Pablo Ini, fue un casting con mucho trabajo porque tampoco hay tanta referencia en el cine argentino, debían ser niñas, pero a la vez mujeres con un carisma para la película, estoy muy contento porque son chicas que actuaron muy bien y disfrutaron trabajando. Eso es suerte, a veces le pifias, pero las experiencias que tenemos son buenas, y generamos una situación de trabajo en equipo. Esa es nuestra situación de trabajo respetando a la gente. Es nuestra forma de trabajo, día a día, más allá del rodaje.

¿Hicieron ensayos?
Sí, con algunos menos como con Amaia Salamanca, no hubo mucho ensayo físico, sino más hablar del personaje, hacia dónde ir, el tono, ir armando el personaje de a poco, escuchando al otro y diciendo qué es lo que uno quiere.

¿Es más difícil eso cuando, como en este caso, los personajes sufren transformaciones dentro del relato?
Se va haciendo a través de todos los elementos del cine, del vestuario, la puesta, una vez, claro, que el actor sabe a dónde va el personaje, desde el guion, yo no creo mucho en la dirección de actores que la gente se imagina, creo que más que nada hay que corregir cosas y hablar de aquello que uno quiere, el actor es el que actúa, es un trabajo en equipo, pero dependes mucho del actor.

Hablando del trabajo en equipo ¿Imaginás que podrías haber hecho Perdida con otro equipo que no sea el tuyo? ¿Hubiese sido más difícil?
La realidad es lo que es y lo que es, es lo mejor, los equipos nuestros se repiten, por ahí el casting no, pero acá fue el ideal, todos estaban bien en ese momento en sus vidas.

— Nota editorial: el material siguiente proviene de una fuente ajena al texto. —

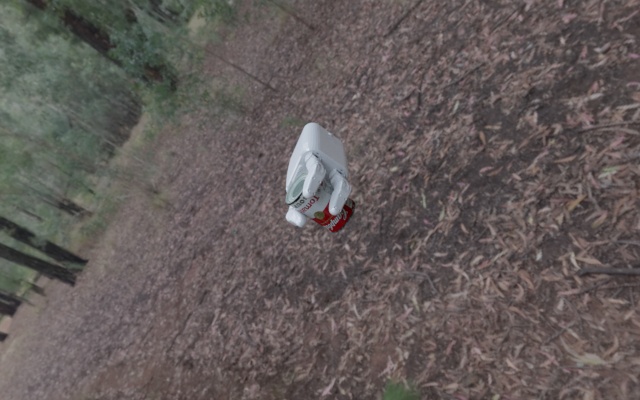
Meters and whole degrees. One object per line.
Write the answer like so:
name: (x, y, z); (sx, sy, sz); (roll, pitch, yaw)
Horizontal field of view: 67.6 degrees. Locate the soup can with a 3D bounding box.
soup can: (0.000, 0.003, 0.820); (0.102, 0.068, 0.068); (33, -14, -23)
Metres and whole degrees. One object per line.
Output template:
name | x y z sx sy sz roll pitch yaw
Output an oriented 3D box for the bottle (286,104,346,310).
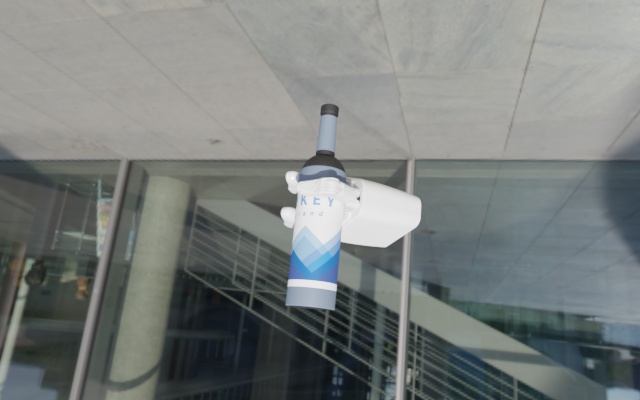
bottle | 0.000 0.002 0.677 0.069 0.295 0.069 5 -15 1
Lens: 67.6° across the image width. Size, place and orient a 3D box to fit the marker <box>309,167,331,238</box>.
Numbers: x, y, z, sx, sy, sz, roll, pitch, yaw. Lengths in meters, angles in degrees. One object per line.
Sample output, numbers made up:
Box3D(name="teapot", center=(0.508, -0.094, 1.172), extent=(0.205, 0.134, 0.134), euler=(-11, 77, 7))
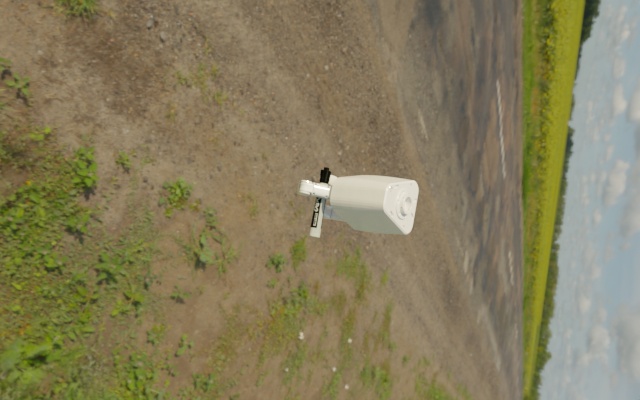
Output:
Box3D(name="marker", center=(0.000, 0.003, 0.817), extent=(0.020, 0.121, 0.020), euler=(10, -5, 1))
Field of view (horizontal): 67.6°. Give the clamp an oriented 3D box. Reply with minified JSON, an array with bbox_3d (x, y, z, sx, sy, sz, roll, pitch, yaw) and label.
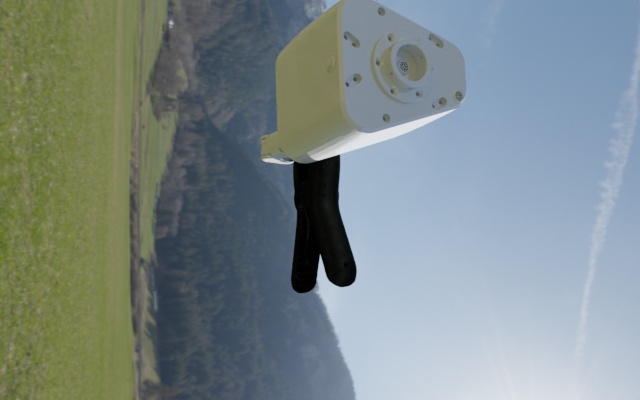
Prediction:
[{"bbox_3d":[0.001,0.001,0.425,0.039,0.171,0.120,0,-4,-26],"label":"clamp"}]
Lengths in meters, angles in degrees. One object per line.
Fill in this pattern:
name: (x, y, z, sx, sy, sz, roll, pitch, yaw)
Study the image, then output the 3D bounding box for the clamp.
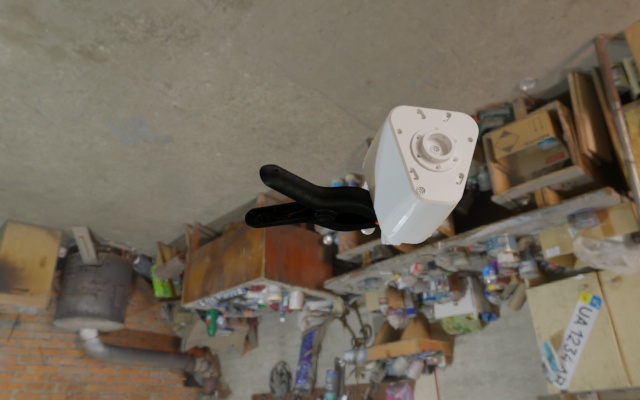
clamp: (0.000, 0.002, 0.541, 0.171, 0.039, 0.120, 1, -23, -7)
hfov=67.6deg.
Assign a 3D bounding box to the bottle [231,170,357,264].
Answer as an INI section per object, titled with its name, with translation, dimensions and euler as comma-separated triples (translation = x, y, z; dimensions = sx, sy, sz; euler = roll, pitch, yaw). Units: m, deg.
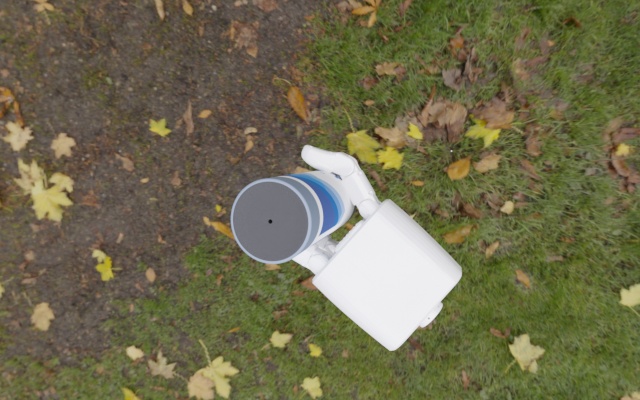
[bottle]
translation = 0.000, 0.002, 0.505
dimensions = 0.069, 0.069, 0.295
euler = 0, 6, 15

¿Pensaste en un público específico para la película?
Quiero que la vea el que tiene ganas de verla, pero está pensada para todo público, es una película con un interés social, relacionado a la trata de personas, después tiene un género específico, el thriller, y además es una película que entretiene y hace sentir y pensar. Es para un público amplio, los protagonistas son jóvenes, el casting es atractivo, no soy adolescente, pero me gustaría serlo para ir a ver a Oriana. Nosotros ya la veíamos para hacer cine y pasó su naturalidad para trabajar, su talento natural que se nota, como por ejemplo en las escenas de acción el equipo me decía que nunca habían trabajado con alguien en su primera vez y que haga tan natural todo.